Monday, June 21, 2010

The Decameron by Giovanni Boccaccio : Introduction

I love how classic literature prepares the reader, either with in-depth descriptions of the setting or clearly explaining the purpose before embarking upon the work; as if it's a scholarly approach, not leaving any detail of context to question. In this particular case Boccaccio spent most of the introduction describing the face of the plague. The details are grim and more graphic than what I was expecting. For some reason I assumed a writer from this era was going to present the ravaging sickness with a sort of distant optimistic view, but Boccaccio cut right through to the nerve, first illustrating the gory symptoms of the plague then going into depth on the response. He describes for instance the beginning of the sickness when two priests would knock on the door of those afflicted and carry the dead out one by one, to several priests and servants being dispatched to not only go to the houses reported but be prepared for any other dead they happened upon, to the ultimate depravity of mass death, mass graves, covered with a thin layer of soil; entire towns wiped out, all worldly possessions abandoned.
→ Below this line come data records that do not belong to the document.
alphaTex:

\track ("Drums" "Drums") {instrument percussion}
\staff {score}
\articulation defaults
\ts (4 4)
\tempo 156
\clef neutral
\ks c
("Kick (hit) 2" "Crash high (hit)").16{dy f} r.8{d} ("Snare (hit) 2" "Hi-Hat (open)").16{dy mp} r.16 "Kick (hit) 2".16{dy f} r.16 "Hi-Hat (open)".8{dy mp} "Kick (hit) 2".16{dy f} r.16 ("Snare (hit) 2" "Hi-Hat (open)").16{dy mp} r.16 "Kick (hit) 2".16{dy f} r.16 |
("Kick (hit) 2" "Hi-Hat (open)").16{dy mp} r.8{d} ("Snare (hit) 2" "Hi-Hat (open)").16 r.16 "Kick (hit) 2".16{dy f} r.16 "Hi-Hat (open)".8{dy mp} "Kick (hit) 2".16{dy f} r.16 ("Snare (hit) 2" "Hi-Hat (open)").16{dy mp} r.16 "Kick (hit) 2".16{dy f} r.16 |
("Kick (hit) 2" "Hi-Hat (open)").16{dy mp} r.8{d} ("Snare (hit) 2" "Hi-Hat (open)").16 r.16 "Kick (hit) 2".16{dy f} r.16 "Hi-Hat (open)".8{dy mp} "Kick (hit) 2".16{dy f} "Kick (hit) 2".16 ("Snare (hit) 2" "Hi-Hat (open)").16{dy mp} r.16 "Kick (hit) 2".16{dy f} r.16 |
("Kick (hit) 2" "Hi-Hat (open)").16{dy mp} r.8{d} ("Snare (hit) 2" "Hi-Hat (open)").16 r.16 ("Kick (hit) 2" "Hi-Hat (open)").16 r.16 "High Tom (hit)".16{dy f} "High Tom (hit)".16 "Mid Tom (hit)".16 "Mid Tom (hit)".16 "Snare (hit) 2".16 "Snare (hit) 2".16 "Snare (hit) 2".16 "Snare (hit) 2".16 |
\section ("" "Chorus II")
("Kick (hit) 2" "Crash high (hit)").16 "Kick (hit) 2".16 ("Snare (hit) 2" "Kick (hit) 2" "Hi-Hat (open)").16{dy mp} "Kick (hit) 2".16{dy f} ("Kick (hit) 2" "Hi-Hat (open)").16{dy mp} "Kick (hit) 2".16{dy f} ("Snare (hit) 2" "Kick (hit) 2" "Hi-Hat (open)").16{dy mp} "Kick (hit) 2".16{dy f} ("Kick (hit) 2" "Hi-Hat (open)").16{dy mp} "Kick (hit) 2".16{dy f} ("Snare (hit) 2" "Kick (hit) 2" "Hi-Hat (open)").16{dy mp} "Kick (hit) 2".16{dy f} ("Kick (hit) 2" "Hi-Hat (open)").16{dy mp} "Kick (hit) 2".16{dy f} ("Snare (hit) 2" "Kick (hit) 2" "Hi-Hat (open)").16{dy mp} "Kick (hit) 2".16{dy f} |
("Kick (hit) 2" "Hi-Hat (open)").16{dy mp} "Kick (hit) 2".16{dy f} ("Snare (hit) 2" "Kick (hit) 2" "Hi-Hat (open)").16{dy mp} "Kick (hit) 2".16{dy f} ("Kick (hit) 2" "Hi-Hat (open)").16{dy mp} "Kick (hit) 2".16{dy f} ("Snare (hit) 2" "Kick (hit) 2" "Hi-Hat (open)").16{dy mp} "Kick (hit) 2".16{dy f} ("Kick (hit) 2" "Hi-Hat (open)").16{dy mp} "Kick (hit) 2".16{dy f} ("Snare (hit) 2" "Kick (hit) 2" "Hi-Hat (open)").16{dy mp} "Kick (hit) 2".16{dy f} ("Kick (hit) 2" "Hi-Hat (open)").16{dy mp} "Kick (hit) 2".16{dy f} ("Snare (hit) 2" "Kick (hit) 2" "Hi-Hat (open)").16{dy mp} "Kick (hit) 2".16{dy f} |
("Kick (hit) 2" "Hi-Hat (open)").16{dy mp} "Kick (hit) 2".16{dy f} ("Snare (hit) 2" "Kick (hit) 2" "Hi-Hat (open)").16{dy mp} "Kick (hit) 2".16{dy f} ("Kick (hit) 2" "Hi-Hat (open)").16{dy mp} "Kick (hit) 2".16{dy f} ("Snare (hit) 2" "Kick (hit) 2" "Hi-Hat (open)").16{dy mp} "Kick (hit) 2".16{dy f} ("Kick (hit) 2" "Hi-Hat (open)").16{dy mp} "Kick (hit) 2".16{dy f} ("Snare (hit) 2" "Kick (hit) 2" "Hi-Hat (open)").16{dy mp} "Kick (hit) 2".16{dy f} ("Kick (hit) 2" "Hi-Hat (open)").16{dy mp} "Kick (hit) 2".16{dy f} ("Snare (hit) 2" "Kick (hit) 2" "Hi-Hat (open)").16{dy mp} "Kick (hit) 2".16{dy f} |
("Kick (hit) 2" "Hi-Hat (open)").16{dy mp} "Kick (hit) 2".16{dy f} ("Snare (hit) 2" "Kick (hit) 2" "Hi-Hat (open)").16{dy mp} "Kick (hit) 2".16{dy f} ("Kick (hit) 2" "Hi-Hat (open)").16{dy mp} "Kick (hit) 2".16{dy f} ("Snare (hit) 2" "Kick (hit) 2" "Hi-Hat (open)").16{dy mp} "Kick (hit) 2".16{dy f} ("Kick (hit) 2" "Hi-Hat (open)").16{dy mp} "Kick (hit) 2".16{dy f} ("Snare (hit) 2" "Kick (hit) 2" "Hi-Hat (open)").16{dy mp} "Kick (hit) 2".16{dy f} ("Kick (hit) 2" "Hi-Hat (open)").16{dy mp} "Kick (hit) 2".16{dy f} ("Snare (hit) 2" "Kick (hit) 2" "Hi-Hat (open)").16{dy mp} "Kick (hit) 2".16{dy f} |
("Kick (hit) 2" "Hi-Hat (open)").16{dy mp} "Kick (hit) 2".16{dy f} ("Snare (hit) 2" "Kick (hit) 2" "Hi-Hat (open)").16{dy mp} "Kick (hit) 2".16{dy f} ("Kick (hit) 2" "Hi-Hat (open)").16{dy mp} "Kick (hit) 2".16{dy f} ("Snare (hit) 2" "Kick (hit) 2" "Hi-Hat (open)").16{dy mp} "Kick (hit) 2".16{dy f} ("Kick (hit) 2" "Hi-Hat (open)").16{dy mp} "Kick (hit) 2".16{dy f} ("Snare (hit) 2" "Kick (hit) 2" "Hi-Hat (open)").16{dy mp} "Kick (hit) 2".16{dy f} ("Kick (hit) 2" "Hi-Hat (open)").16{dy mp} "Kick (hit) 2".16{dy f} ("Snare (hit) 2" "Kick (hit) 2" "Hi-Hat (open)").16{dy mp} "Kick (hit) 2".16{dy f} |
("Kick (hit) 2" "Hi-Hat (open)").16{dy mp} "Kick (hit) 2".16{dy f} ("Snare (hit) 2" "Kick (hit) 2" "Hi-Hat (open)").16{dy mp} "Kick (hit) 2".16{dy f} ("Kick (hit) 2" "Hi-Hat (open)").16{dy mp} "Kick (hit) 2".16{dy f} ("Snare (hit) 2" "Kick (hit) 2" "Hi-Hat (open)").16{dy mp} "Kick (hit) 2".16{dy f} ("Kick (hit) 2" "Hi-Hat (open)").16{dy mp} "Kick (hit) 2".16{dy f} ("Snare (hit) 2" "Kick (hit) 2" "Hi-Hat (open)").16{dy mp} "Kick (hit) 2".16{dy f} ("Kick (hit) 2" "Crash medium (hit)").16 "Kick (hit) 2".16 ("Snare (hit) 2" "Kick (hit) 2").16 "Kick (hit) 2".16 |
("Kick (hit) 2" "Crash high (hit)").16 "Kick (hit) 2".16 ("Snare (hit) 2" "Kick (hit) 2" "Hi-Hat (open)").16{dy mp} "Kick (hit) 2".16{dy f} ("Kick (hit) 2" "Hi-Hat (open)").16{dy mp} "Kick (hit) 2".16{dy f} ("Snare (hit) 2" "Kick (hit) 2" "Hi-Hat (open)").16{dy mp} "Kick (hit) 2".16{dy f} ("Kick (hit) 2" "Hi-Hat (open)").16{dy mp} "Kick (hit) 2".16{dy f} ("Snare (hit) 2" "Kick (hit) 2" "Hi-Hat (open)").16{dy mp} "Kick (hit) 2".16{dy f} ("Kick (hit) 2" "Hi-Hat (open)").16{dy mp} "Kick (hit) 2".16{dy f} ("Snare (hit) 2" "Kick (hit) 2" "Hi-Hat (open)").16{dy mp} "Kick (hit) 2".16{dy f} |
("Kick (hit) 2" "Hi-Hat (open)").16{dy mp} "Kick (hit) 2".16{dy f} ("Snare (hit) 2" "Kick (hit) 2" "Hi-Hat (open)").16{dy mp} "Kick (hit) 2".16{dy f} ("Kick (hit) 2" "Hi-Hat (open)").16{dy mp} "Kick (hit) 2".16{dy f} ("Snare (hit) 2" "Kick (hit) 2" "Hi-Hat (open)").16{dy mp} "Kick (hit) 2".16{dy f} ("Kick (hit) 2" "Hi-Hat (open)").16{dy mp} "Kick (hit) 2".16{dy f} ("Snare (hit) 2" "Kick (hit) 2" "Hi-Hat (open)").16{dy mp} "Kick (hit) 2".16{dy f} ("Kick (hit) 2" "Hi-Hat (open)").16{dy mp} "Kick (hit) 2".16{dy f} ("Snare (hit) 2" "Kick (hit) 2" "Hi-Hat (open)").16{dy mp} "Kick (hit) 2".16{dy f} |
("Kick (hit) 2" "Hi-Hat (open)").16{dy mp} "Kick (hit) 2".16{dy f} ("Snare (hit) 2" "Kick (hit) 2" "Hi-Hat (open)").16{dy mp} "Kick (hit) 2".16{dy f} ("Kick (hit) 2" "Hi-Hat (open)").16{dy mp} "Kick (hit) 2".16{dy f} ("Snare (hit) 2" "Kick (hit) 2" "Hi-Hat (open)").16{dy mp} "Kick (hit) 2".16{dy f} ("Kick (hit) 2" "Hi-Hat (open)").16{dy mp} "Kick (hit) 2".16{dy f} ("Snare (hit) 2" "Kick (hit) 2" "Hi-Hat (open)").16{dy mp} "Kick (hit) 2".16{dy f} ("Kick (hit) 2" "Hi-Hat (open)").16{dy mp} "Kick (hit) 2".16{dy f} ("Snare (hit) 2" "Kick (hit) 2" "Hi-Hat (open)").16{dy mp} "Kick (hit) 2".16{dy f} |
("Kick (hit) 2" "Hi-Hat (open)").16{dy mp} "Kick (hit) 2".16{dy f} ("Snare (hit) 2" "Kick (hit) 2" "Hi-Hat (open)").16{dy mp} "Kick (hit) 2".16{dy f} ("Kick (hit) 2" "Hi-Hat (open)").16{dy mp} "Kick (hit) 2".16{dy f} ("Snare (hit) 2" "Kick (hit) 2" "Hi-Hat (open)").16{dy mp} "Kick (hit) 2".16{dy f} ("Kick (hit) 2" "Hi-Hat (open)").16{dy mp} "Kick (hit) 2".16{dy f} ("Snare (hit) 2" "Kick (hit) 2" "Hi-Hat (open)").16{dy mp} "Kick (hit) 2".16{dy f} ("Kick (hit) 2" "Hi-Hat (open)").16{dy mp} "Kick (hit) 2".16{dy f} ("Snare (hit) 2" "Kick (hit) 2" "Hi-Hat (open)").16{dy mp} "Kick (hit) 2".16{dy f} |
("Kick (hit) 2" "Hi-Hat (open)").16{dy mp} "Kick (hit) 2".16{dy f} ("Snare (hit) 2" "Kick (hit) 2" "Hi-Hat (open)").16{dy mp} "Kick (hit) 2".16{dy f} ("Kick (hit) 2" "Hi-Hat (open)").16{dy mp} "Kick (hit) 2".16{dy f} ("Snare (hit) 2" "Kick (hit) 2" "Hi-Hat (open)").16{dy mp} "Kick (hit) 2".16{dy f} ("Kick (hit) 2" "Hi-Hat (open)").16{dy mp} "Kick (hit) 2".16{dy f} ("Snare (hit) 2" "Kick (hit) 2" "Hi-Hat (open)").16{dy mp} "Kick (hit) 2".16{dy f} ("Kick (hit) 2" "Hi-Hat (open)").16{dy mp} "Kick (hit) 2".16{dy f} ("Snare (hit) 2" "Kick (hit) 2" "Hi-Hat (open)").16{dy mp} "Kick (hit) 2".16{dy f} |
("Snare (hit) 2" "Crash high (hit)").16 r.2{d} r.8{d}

Then Boccaccio describes the survivors, the few who watched society crumble around them. He introduces a small group of them individually, ten in all, and it becomes obvious that these are the people that are going to act as the driving force of the work. After doling out responsibilities to sustain them for the next ten days, Boccaccio constructs a machine of storytelling. Each evening all characters are to narrate a story based on a certain theme, except for the first night, which is open to each narrators discretion.